There is no thick stratigraphy on top of the hall foundation. The uppermost packing stones of the postholes are only 10-25 cm below the turf.
Everything we have found in the topsoil may date from after AD 1800. The only exception is a single 1630s fyrk coin. The many pre-WW1 coins tally well with information given by old people in the 1980s, that there had once been annual mid-summer celebrations on the mound.
After the hall was torn down, a layer of smallish stones was laid down over its indoors.

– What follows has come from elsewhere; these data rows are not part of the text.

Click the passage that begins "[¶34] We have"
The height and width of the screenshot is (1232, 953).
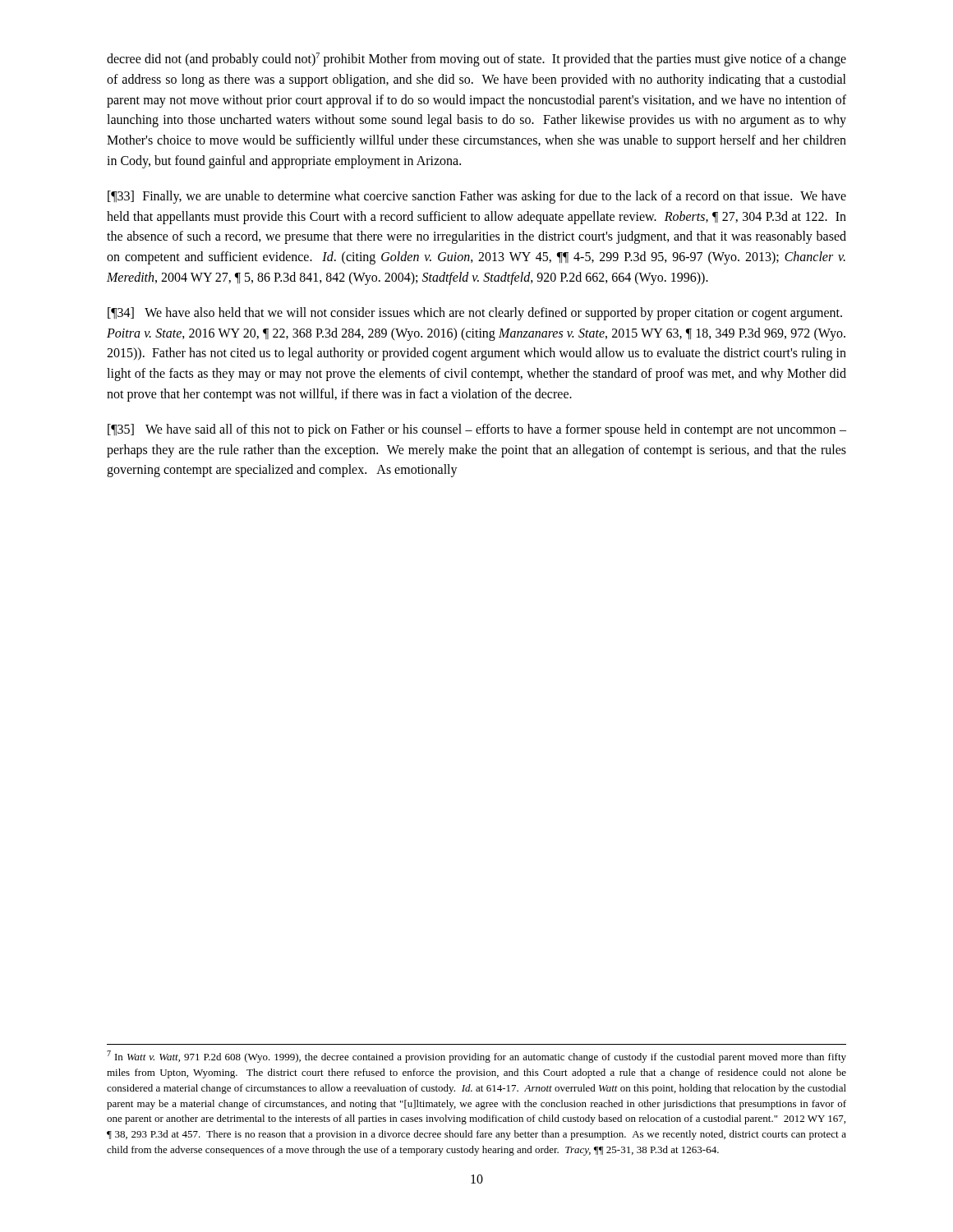click(x=476, y=353)
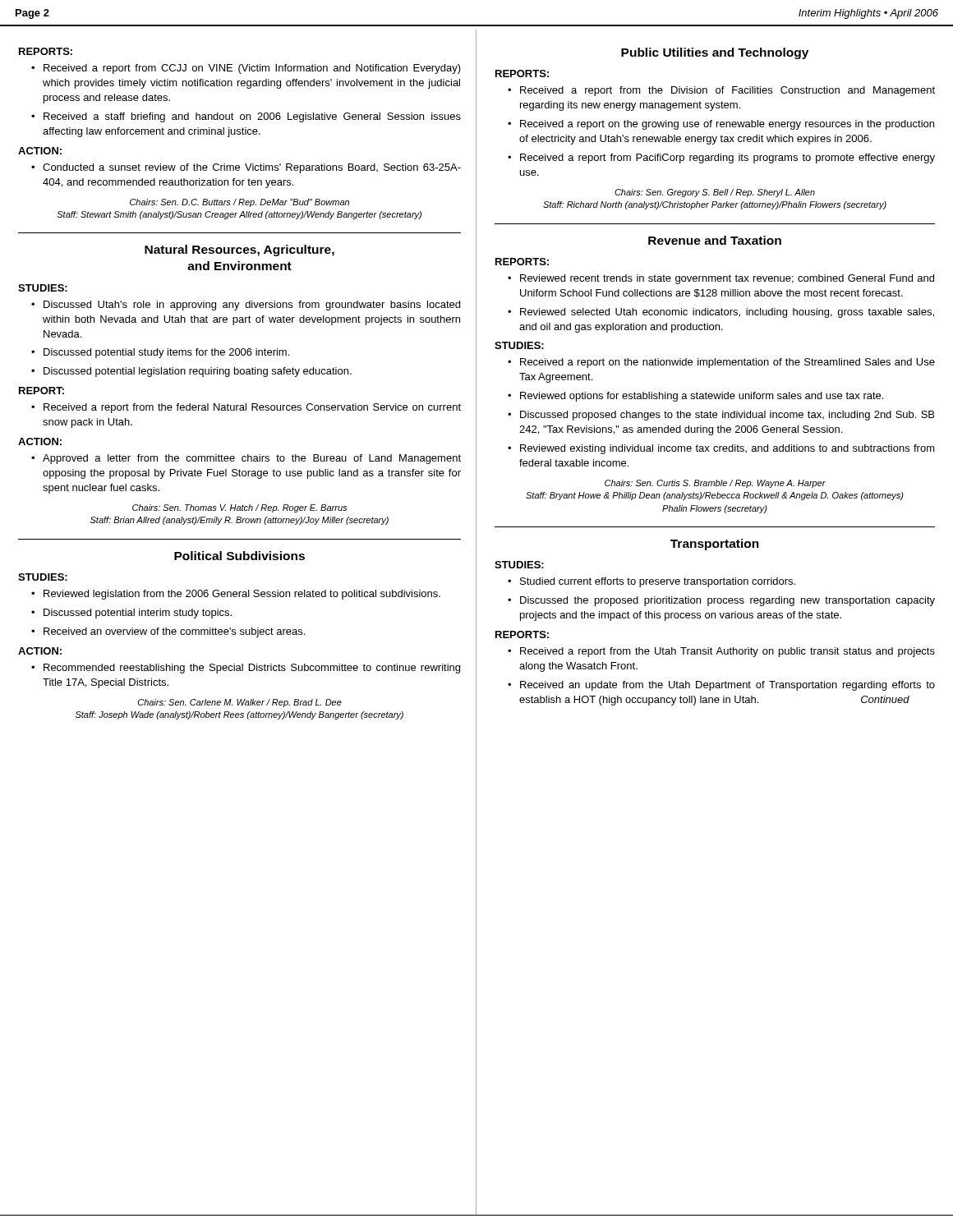Select the list item containing "Received an update from the Utah"
Screen dimensions: 1232x953
click(x=715, y=692)

Feel free to interpret this in a symbolic and/or practical way.
Thanks to the simple stratigraphy, we will be able to open up the full 200 sqm that our permit allows.

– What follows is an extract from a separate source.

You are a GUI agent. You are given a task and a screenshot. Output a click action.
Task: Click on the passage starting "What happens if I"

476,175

I look forward to sectioning and soil-sampling the central hearth, a few of the great roof-bearing postholes and the wall trenches.
It is liberating not to have to excavate every sunken feature like you do on a highway dig where the site will be bulldozed when you’re done.
I love geophys, skilled metal detectorists and drone photography!
Skällvik Castle, drone photo from the north-east with our trenches A-G indicated. By team member Jan Ainali.
Two years ago myself and Ethan Aines headed the first professional excavation at Skällvik Castle, a 14th century stronghold. It’s near Söderköping, across the water from Stegeborg Castle, and may be seen as a fossil of an itinerant castle that sat on Stegeborg’s islet before and after the period 1330-1360. Skällvik Castle was at various times owned by the See of Linköping and the Swedish Crown, and was at least used by the provincial Lawspeaker as well.
Some of our main results were these.
The written sources document activity at the castle in 1330-50. The coins we found extend that use period at least four more years to 1354. In 1356 there was a civil war and the nearby vicarage is known to have been attacked. This is a likely end date for the castle.
We identified the castle guards’ day room, warmed by the bakery oven, where finds show that the guards spent their off-time fletching crossbow bolts and gambling with dice for money.
We found a noblewoman’s seal matrix, dropped into the sea off the castle’s dock. Her full name and identity are unknown, but historians have helped us identify two men known from the written record who may be her father and her husband. There was still sealing wax stuck to the matrix under the verdigris.